Metropolis-Hastings Algorithm

Nicholas Constantine Metropolis

This is a great write up on the nuts and bolts of Metropolis Hastings Algorithm. I like such papers that summarize everything about an algorithm with a sound balance of rigor and simplicity. Nowadays even for a simple statistical analysis, one tends to specifying a BUGS model and run MCMC. With BUGS software, Bayes analysis has become accessible to a whole lot of data analysts. The heart of BUGS is the Gibbs sampling algorithm, which is a special case of Metropolis Hastings Algorithm. A crystal clear paper on the same has been written by George Casella and Edward George. The authors of this paper, Siddhartha Chib and Edward Greenberg say that one of their motives in writing down this article was to publish an Casella+George type paper on MH algorithm that can be read and understood by everyone. In the Gibbs sampling algorithm, one can dumb down many math details and provide a good enough overview. Not so in the case of MH algorithm. Some understanding of math concepts is inevitable. Having said that, the authors do not make “continuous Markov Chains “ understanding, as a prerequisite.
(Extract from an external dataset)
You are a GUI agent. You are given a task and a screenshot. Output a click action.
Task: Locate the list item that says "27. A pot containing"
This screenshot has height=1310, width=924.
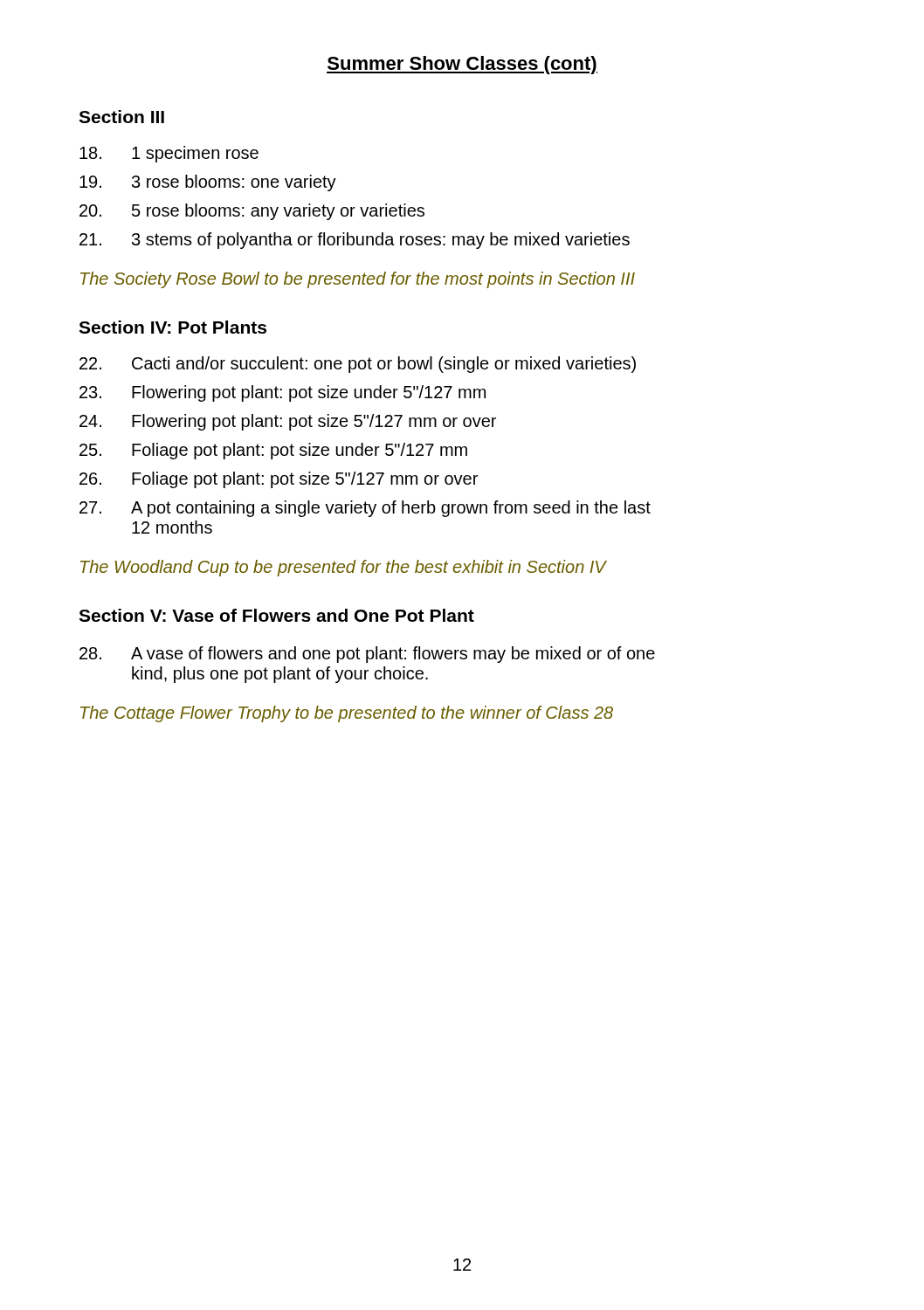(x=462, y=518)

In that sense, the article almost starts from scratch and gives a thorough explanation of various flavors of MH Algorithm.

In this post, I will attempt to summarize the paper

Introduction :
Metropolis Hastings Algorithm was developed by Metropolis,Rosenbluth, Teller(1953). It was subsequently generalized by Hastings(1970).MH algo has been used extensively in physics, but it was little known to statisticians until recently. Papers by Muller and Tierney in 1993-1994 were instrumental in exposing the value of this algorithm and stimulating interest among statisticians in its use. This paper gives a tutorial introduction to the algorithm deriving the algo from the first principles.

Acceptance-Rejection Sampling :

The classic simulation techniques generate non-Markov samples. An important method in this class is the A-R method. The basic funda behind this algo is to figure out a blanketing function that dominates the target density function through out is support. The blanketing function is chosen in such a way that simulation from it is easy. The crux of the method is to accept or reject a sample from the blanketing density based on the relative density levels of target and blanketing density. What is the relevance of discussing an IID random variate generation method ? MH algo looks similar to A-R algo. Hence some intuition on how A-R algo works is useful in understanding MH algo.

Markov chain Monte Carlo Simulation:

One of the defining characteristics of continuous time Markov chain is the transition kernel, a conditional density function based on which transitions happen to various states. An important aspect of continuous Markov chains is to determine conditions under which the transition kernel converges to an invariant distribution. So, given any transition kernel, you start with any state and move to various states, the question is, “After a lot of transitions, does the chain has a distribution behind it, based on which it moves to various states?”. MCMC methods turn the theory around. The invariant density and is known and the hunt if for the transition kernel. This hunt is made easy by the reversibility principle that is essentially a condition involving transition densities of moving amongst two states.

If one can find a transition kernel whose transition density obeys reversibility then we can be certain of obtaining the target distribution.

The Metropolis Hastings algorithm:
MH algo precisely does that and gives a transition density function, that satisfied the reversibility condition. The various steps of the algo are derived and at each step, the intuition is given by referencing the step to a pertinent step of the Accept-Reject algo. As in any MCMC method, the draws are regarded as a sample from the target density only after the chain has passed the transient stage and the effect of the fixed starting value has become so small that it can be ignored. The convergence of the invariant distribution occurs under the conditions of irreducibility and aperiodicity. The rate of convergence of MCMC to a target distribution is an ongoing research topic

Implementation Issues : Choice of q(x,y):
Implementing MH algorithm requires selecting a suitable candidate generating density. There can be five choices for the candidate density functions

Random walk MH
Independence chain MH
Exploiting the form of candidate density function form
Pseudo-dominating density
Autoregressive chains

The scale or spread of the candidate generating density is a critical question. The spread of the candidate generating density affects the behavior of the chain in at least two dimensions : one is the acceptance rate and the other is the region of the sample space that is covered by the chain. There are two applications of MH algo that are mentioned in the paper, one involving the Accept Reject method and other using block-at-a-time scans. In fact Gibbs sampling algorithm is a special case of Block-at-a-time algorithms. The paper ends with few simulation that give further insight in to the methods that have been mentioned in the paper.

I think this paper needs to be read at least a couple of times to grasp the multitude of paths that have been explored by various scientists and practitioners. One thing is for certain, this paper will be my goto paper to refresh concepts relating to MH algo.